Both Beaut and Bigg Bodies looked as if they had been neglected for months on end, but it had only been six days since Bigg’s arrest. Crow marveled at how quickly things could fall apart. Beaut was a mere husk of his former overinflated self. Both Beaut and the gym were slowly crumbling. Rupe might have something to say here. Something about short telomeres.

Crow loaded another pair of plates onto the bar and did a set of bench presses, ten nice, slow lifts. He racked the bar and sat up, then noticed a blocky man in a blue suit come in through the front door. Not until he saw Beaut sit up and drop his magazine did he recognize Arling Biggie, the sequel.

The new Arling Biggie had removed his Fu Manchu mustache and his sideburns, and his previously clean-shaven head was now dark with new hair growth. Even more startling: a pair of wire-rimmed eyeglasses teetered on his thick nose.

Bigg exchanged a few words with Beaut, then spotted Crow. He approached, his demeanor uncharacteristically subdued.

“How’s it going, Crow?”

“Not bad,” Crow replied. “You made bail, huh?”

“I had my lawyer sell one of the limos. I’d have sold both of them, except the one I let you use is still impounded.”

“You’ll get it back.”

Bigg shrugged, bent over, and picked a piece of lint off the rubber floor mat. He looked around, seemed to take in the general neglect, and dropped the lint back on the floor. “The place looks like hell.”
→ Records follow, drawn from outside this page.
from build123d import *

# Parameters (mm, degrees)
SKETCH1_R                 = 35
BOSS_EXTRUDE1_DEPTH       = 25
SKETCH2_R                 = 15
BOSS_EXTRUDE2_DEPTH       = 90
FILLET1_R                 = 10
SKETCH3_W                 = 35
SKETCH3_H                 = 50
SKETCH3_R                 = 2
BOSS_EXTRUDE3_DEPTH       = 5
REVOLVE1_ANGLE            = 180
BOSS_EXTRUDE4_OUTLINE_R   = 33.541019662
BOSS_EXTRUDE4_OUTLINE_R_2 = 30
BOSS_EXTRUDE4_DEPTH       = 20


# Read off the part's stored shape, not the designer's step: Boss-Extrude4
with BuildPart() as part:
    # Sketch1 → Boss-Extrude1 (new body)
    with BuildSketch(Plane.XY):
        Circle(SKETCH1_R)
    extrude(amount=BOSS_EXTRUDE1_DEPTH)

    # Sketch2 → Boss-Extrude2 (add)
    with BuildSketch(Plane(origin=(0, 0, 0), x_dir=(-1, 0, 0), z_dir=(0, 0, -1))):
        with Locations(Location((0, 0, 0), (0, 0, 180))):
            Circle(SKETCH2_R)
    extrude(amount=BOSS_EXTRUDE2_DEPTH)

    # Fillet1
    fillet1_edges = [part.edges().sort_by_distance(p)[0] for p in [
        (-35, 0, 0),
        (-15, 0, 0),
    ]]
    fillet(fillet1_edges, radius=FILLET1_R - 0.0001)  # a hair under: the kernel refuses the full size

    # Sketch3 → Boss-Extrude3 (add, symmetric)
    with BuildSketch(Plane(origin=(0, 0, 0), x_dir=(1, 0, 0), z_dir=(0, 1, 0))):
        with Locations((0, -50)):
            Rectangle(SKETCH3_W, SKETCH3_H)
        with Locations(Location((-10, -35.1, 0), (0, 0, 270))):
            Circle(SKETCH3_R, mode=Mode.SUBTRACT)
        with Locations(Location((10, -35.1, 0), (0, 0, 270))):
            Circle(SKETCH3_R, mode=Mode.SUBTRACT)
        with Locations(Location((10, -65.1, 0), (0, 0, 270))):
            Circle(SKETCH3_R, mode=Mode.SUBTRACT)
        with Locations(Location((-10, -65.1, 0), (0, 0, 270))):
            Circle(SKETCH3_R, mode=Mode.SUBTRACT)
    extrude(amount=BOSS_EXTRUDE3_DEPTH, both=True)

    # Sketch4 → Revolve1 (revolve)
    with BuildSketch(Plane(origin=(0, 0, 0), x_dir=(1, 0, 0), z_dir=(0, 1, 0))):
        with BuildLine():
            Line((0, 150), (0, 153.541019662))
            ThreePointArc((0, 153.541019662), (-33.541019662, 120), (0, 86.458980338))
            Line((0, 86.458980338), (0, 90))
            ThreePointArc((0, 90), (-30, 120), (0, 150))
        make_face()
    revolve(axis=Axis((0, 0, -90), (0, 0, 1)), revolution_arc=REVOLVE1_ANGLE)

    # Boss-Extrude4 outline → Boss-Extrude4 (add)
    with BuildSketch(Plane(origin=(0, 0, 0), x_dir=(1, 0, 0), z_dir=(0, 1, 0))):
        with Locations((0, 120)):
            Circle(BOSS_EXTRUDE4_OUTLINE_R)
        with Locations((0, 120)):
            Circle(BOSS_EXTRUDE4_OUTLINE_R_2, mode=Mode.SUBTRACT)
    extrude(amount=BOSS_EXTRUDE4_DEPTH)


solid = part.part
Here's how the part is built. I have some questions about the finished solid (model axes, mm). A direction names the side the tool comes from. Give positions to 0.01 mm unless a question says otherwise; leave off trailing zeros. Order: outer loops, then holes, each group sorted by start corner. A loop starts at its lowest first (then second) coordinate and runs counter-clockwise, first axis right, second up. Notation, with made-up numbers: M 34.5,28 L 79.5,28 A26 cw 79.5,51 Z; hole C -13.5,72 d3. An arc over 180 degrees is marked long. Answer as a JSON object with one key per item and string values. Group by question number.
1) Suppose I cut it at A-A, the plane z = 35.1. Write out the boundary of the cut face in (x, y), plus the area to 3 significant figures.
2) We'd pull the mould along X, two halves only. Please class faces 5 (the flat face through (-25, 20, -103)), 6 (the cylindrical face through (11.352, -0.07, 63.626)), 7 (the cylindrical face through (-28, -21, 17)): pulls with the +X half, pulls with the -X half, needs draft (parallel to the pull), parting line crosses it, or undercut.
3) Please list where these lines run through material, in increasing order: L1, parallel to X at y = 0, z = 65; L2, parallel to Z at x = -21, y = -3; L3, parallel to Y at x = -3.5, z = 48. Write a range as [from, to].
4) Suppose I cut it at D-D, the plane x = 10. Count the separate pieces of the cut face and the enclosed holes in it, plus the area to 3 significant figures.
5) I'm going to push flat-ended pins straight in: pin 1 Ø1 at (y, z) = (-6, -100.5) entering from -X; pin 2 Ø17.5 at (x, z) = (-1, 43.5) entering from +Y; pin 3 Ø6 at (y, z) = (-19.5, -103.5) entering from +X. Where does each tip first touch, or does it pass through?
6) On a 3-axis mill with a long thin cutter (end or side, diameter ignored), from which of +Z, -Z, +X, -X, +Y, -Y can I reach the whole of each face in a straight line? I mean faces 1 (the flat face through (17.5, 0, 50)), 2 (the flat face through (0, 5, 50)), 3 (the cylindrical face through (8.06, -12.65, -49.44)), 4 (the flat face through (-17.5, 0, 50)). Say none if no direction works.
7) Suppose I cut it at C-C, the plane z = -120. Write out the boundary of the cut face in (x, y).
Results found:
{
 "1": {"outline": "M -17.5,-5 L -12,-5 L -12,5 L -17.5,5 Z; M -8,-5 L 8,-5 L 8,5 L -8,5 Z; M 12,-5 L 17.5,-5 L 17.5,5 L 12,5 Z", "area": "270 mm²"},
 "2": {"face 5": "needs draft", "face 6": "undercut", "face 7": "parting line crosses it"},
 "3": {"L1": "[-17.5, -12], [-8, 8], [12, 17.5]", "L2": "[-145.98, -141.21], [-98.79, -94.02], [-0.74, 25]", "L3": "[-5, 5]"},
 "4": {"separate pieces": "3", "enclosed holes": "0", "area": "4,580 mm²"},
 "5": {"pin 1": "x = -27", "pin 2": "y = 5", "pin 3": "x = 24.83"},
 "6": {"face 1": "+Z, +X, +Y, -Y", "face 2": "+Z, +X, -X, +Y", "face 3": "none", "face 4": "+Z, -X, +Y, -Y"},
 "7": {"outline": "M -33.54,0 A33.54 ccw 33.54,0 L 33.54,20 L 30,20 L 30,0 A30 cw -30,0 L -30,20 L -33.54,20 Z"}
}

Crow wasn’t sure whether he should agree or disagree.

Bigg said, “I just got done talking to my lawyer. You know what he told me? He said I’m probably going to jail for a while. He wants me to plead something. Reckless endangerment. And all I did was shoot at a closed door. Besides, I hear the guy’s immortal. How can they charge me with trying to kill somebody that can’t die? They don’t even care about the fact that the day before, the guy hit me over the head with a wrench. You know what I’m talking about. You got clobbered, too. What are you supposed to do, you run into the guy that hit you? You going to say, ‘I forgive you, brother’? You going to turn the other cheek?”